Activity :: In this exercise, copy exactly the lines from the one that contains "2D boxes: x1, y1, x2, y2 in pixels." through the end of the entries below; pictures are not copied.

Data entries

- Opening Delimiter -

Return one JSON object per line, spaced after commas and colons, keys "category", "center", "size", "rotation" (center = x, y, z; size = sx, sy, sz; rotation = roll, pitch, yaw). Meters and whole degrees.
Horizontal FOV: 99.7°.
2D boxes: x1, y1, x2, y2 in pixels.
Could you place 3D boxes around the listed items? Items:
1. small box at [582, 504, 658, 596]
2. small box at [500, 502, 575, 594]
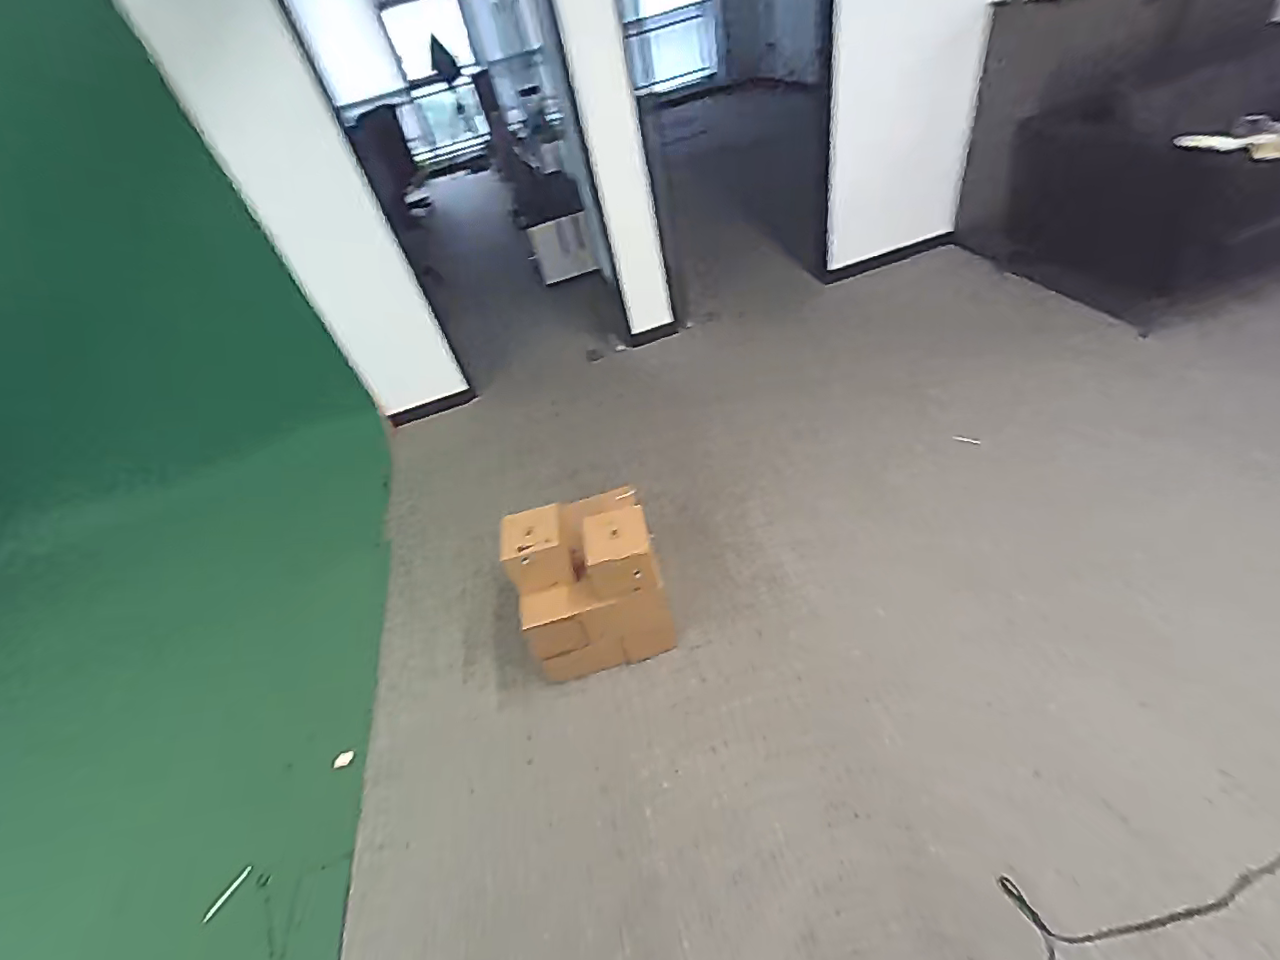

- Closing Delimiter -

Task response ::
2D boxes: x1, y1, x2, y2 in pixels.
Could you place 3D boxes around the listed items? Items:
1. small box at [582, 504, 658, 596]
2. small box at [500, 502, 575, 594]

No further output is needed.